On this issue, we should look to our history with the Ottawa Treaty banning land mines. The movement that led to that treaty won the Nobel Peace Prize, and rightly so. December 3, 2017, will be the 20th anniversary of Canadian leadership in helping to rid the world of land mines. We have not yet rid the world of land mines, but their use has declined dramatically. We have proven statistics, proven evidence, that the land mine treaty has saved thousands of lives around the world, even though major world powers like the U.S., China, and Russia never signed on to the Ottawa Treaty. Still, the treaty works and has massively reduced land mine traffic.

Canada has an opportunity here to step up again. The minimum we can do is to sign and ratify the Arms Trade Treaty at the UN, but our domestic legislation must meet the purposes of our global commitment, and that means fixing the loophole that would allow military equipment under the definition of the treaty to pass through the United States. At this point, the U.S. has signed the treaty, but it will remain a non-state party to this treaty. This means that it will not have to track where the weapons go or meet the tests and the analysis and the screening that Canada and other parties must meet.

I say to my friends on the government benches, can we please get this legislation to committee and fill that loophole that is big enough to drive a tank through, the loophole that does not limit or record the sales and the transfer of weapons through the United States?

Export and Import Permits ActGovernment Orders

12:35 p.m.

Liberal

Filomena Tassi Liberal Hamilton West—Ancaster—Dundas, ON

Mr. Speaker, I always admire the work that goes into the speeches by the hon. member for Saanich—Gulf Islands, and I thank her for her words this morning. I also appreciate her legal expertise and her reading the part of the bill that sets out that this will not apply to those Canadians who are legal gun owners. That is important, because we are hearing that message over and over again. I appreciate the member making that point.

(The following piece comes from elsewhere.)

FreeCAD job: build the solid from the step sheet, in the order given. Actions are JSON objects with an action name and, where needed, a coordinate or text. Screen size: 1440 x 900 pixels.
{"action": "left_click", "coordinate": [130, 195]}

It has been mentioned that we recognize that the illicit transfer of arms often equals violence. Violence is prominent in countries in conflict, and the violence is often against women and girls, who suffer atrocities and suffer a violation of their human rights. Does the member agree that this government is taking a leadership role on this through the ATT? How will this directly help these young women and girls in these countries of conflict?

Export and Import Permits ActGovernment Orders

12:40 p.m.

Green

Elizabeth May Green Saanich—Gulf Islands, BC

Mr. Speaker, when we read of the atrocities by rogue non-state actors like Boko Haram, or the atrocities by state actors, such as Myanmar against the Rohingya people, we recognize that so much of this is made possible because of access to arms that are not manufactured in those countries but that freely flow and fill profit margins. Somewhere there are shareholders who are pleased to see that they are doing so very well. The global arms trade is something we should want to curtail, not expedite.

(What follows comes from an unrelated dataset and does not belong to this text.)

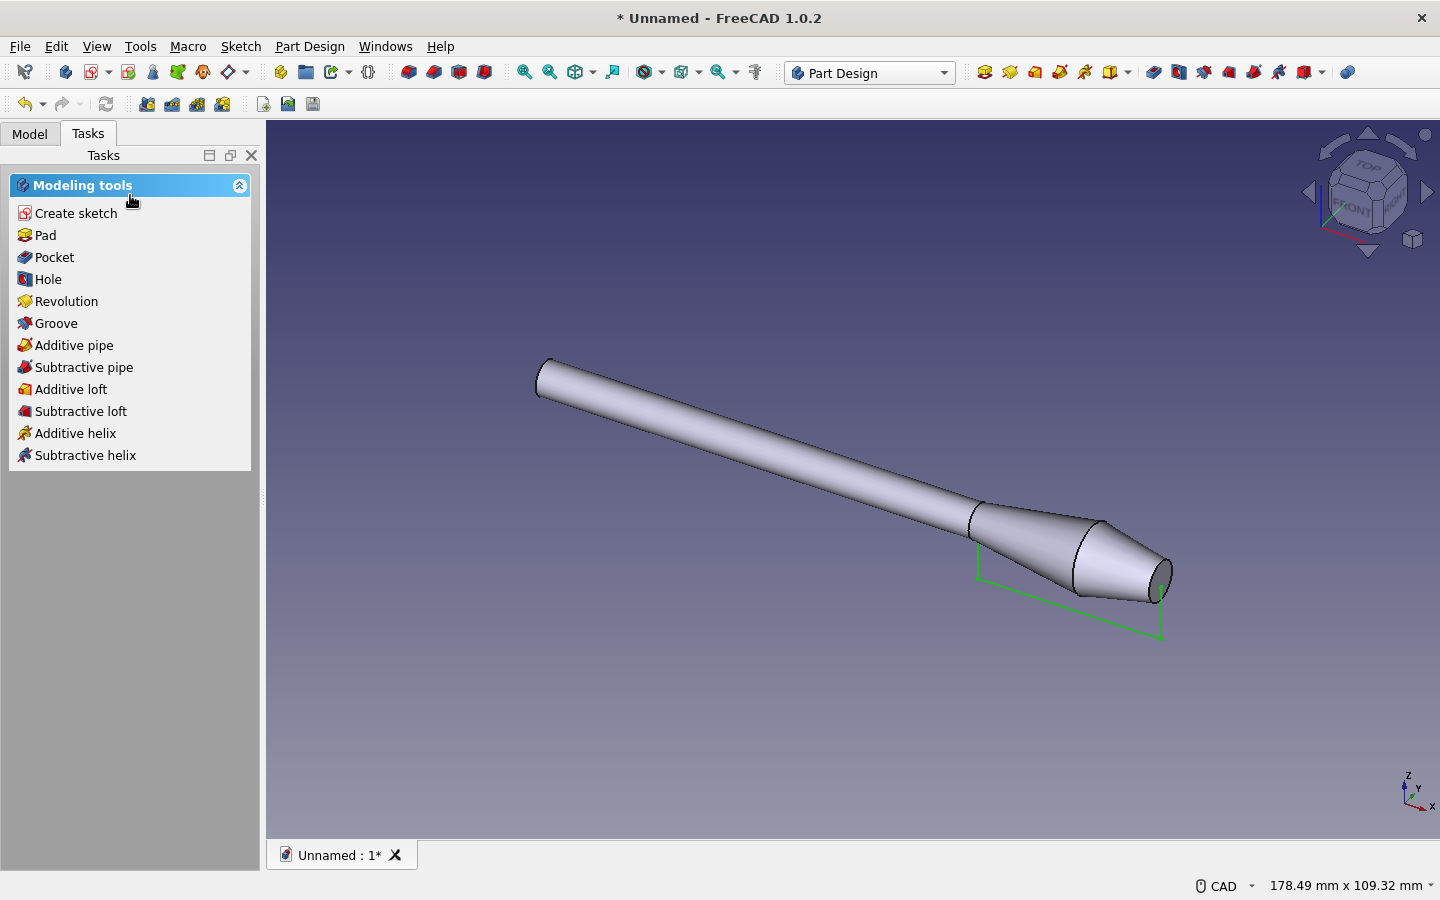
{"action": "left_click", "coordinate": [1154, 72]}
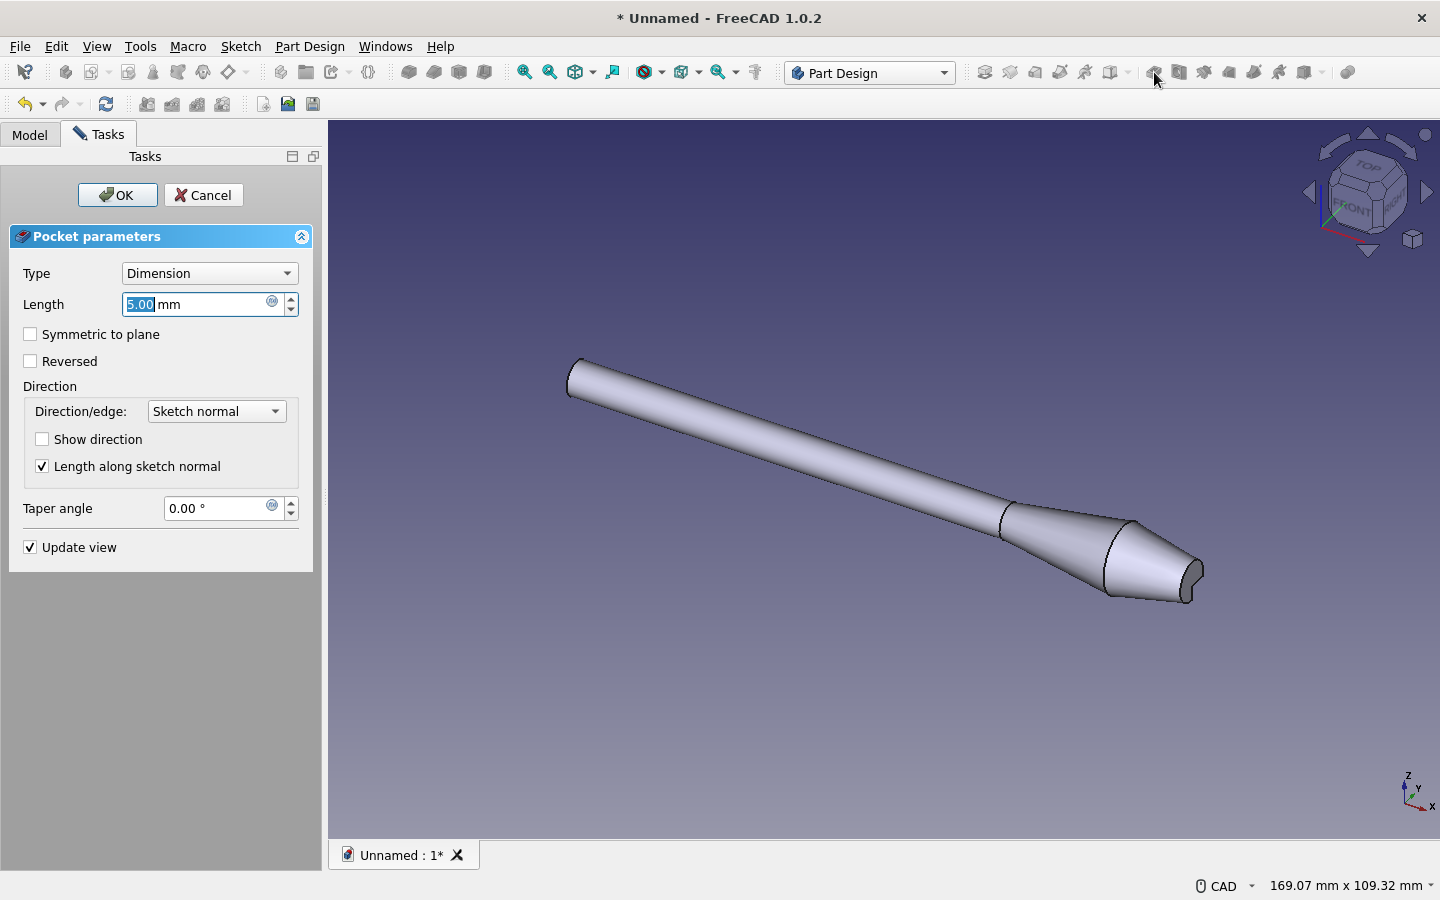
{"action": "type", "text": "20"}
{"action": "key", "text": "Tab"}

I spoke earlier of the Ottawa Treaty, which is tangential to the member's main point. There are still landmines in Angola and Cambodia. There are countries that still have landmines that impede the ability of women to collect water easily. As we approach the 20th anniversary of the Ottawa Treaty, I would urge Canada to step up to help clear landmines from countries that are now post-conflict, where women and girls are the most likely to have their day-to-day potential to grow food and travel safely impeded by landmines.